- L’ancien président de l’UMP Jean-François Copé juge irréaliste et inconstitutionnelle l’interdiction du voile dans l’espace public.
- Face aux échéances politiques, il appelle les personnalités de droite à se ranger derrière un candidat unique d’ici la fin de l’année.
- Au sujet de la déprogrammation d’artistes mis en cause, l’élu réaffirme la primauté de la présomption d’innocence.
Une réserve affirmée sur l’interdiction du voile

Réagissant aux propositions du Rassemblement national visant à interdire le port du voile islamique dans l’ensemble de l’espace public, Jean-François Copé a formulé de vives réserves d’ordre juridique et politique. Selon le maire de Meaux, une telle décision arrive trop tardivement et aurait éventuellement dû être prise il y a vingt-cinq ou trente ans. L’ancien président de l’UMP estime désormais que la mesure portée par le Rassemblement national manque de réalisme et se heurte frontalement aux règles fondamentales fixées par la Constitution.
L’exigence d’un rassemblement pour les échéances à venir
Abordant la situation de la droite parlementaire, l’ancien ministre s’est inquiété des divisions qui persistent au sein de sa famille politique.

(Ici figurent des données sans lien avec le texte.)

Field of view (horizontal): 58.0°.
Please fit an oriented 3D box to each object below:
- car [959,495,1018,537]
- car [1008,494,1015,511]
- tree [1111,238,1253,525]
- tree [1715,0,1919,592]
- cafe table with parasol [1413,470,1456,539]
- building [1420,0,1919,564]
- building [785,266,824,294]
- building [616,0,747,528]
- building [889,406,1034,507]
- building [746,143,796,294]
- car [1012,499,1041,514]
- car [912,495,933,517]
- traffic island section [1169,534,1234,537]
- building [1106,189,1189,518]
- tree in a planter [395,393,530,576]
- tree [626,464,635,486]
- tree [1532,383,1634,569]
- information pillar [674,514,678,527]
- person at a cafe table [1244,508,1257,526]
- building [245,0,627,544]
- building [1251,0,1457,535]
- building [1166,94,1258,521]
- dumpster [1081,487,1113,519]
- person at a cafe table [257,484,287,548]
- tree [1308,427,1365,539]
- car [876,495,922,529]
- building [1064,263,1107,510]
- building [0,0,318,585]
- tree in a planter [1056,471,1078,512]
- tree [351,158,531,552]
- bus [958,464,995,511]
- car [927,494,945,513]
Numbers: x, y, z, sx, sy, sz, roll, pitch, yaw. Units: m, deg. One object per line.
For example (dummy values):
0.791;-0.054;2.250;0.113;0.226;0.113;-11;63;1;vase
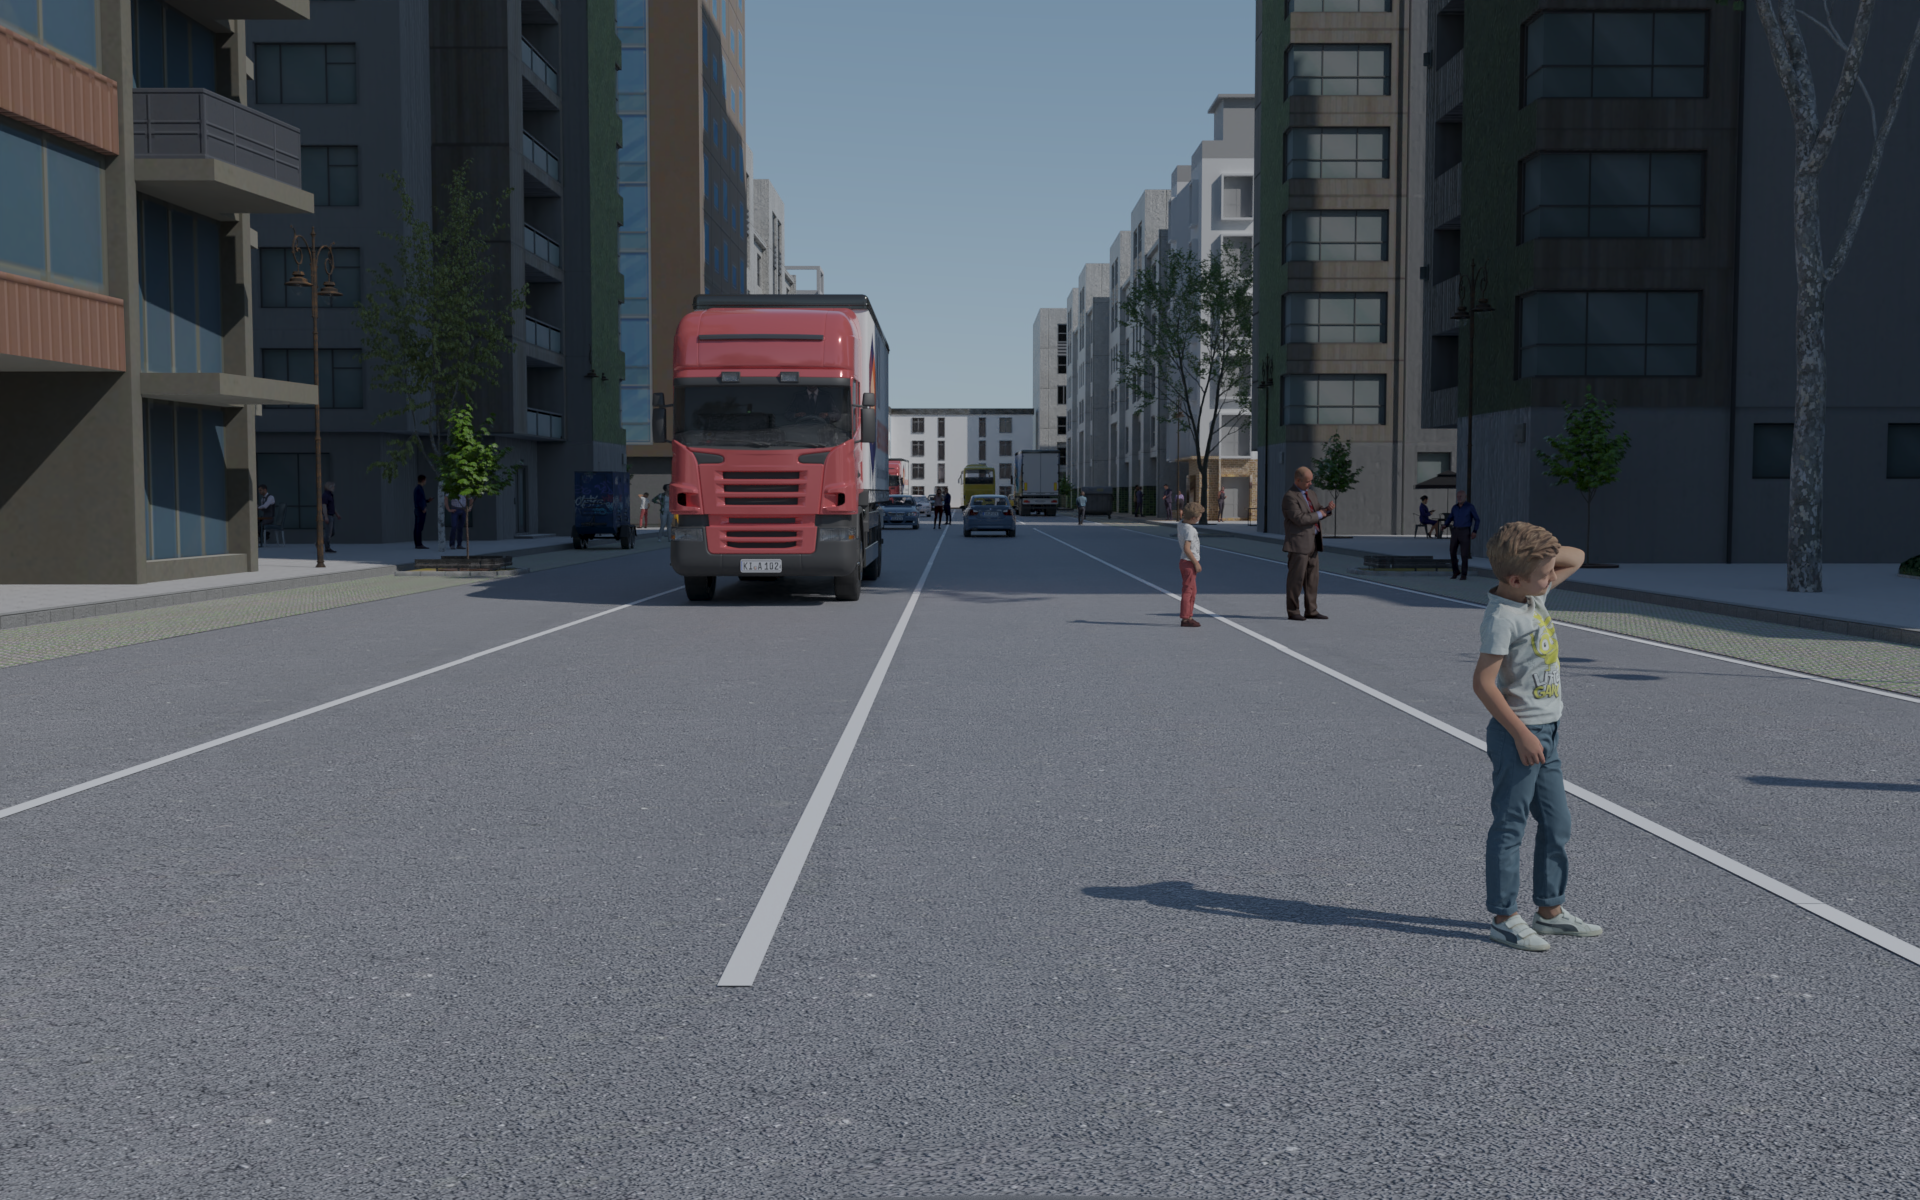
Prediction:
0.986;-2.881;59.102;2.014;1.417;4.499;0;4;0;car
4.356;-7.568;133.966;2.015;1.641;3.980;0;4;0;car
10.074;-8.928;71.728;9.928;11.665;9.643;0;3;0;tree
10.465;-10.089;20.844;12.611;20.169;13.585;0;3;0;tree
14.003;-2.744;49.726;2.610;1.966;2.610;-1;4;-21;cafe table with parasol
17.522;-16.281;37.899;14.160;30.474;14.107;0;3;0;building
-16.877;-17.972;150.255;11.380;20.091;16.016;0;3;0;building
-16.651;-25.767;71.400;14.600;45.320;14.200;0;3;0;building
-6.780;-13.941;170.084;28.070;9.664;9.099;0;3;0;building
-19.075;-14.134;97.549;16.747;18.905;31.486;0;3;0;building
4.812;-7.000;123.488;2.155;1.783;4.494;0;4;1;car
-2.769;-5.942;109.511;2.083;1.381;4.827;0;4;-2;car
8.039;-2.144;57.925;1.991;0.108;1.994;0;3;0;traffic island section
19.101;-14.849;109.245;16.747;18.905;31.486;0;3;0;building
-8.810;-2.059;30.889;1.991;3.239;1.994;0;3;0;tree in a planter
-11.998;-3.985;59.759;1.663;3.219;1.824;0;3;0;tree
10.864;-2.182;30.275;1.663;3.219;1.824;0;3;0;tree
-10.501;-4.441;63.960;0.183;3.616;0.504;0;4;1;information pillar
12.305;-3.735;69.580;1.622;1.524;1.698;0;4;5;person at a cafe table
-18.077;-22.375;49.425;14.154;41.232;14.086;0;3;0;building
17.161;-22.999;59.627;14.154;41.232;14.086;0;3;0;building
18.779;-14.153;87.815;16.016;20.091;11.380;0;3;0;building
7.778;-5.527;98.584;1.865;1.857;1.264;0;4;2;dumpster
-17.157;-2.041;41.882;1.622;1.524;1.698;-3;5;-43;person at a cafe table
11.021;-3.405;50.280;1.663;3.219;1.824;0;3;0;tree
-2.561;-3.648;71.640;2.014;1.417;4.499;0;4;0;car
18.003;-16.811;141.324;16.747;18.905;31.486;0;3;0;building
-21.271;-22.291;19.087;22.147;44.769;28.867;0;3;0;building
8.142;-8.436;135.151;1.991;3.239;1.994;0;3;0;tree in a planter
-11.600;-5.392;38.526;4.737;8.622;4.395;0;3;0;tree
1.394;-9.196;141.900;2.896;3.916;12.252;0;4;-1;bus
-1.813;-7.460;131.759;2.009;1.686;4.222;0;4;-1;car

Interrogé sur les personnalités susceptibles d’incarner ce courant, notamment Édouard Philippe, Gabriel Attal et Bruno Retailleau, il considère le maire du Havre comme le mieux positionné à ce jour. Afin d’éviter une élimination dès le premier tour de la présidentielle, l’objectif prioritaire consiste à désigner un candidat unique d’ici la fin de l’année. Cette démarche vise également à anticiper les élections législatives pour offrir au pays une majorité absolue et éviter tout blocage institutionnel.
Le rappel des principes de la présomption d’innocence
L’actualité judiciaire a également été abordée à la suite de l’annulation de la tournée du chanteur Patrick Bruel, visé par une mise en examen pour viol et des accusations de violences sexuelles. Alors que plusieurs maires ont incité à la déprogrammation de l’artiste dans leurs collectivités, Jean-François Copé a affirmé qu’il n’aurait pas pris une telle initiative dans sa propre municipalité. Exerçant la profession d’avocat, l’élu remet en avant les règles de l’État de droit et rappelle que le principe fondamental de présomption d’innocence doit s’appliquer tant qu’aucune condamnation définitive n’a été prononcée par les magistrats.
À lire aussi Victoire de l’AfD en Saxe-Anhalt : les réactions contrastées de la droite nationale française
Un appel au rétablissement des clivages politiques
Au-delà des questions individuelles, Jean-François Copé tire un bilan critique des récentes années de gouvernance centrale, estimant qu’elles ont favorisé la progression des extrêmes. Pour sortir des difficultés politiques actuelles consécutives à la dissolution de l’Assemblée nationale, il préconise de clarifier l’offre politique auprès des électeurs. Selon lui, la droite doit restructurer son appareil politique afin de bâtir un projet clair capable de rassembler une majorité stable dans le pays.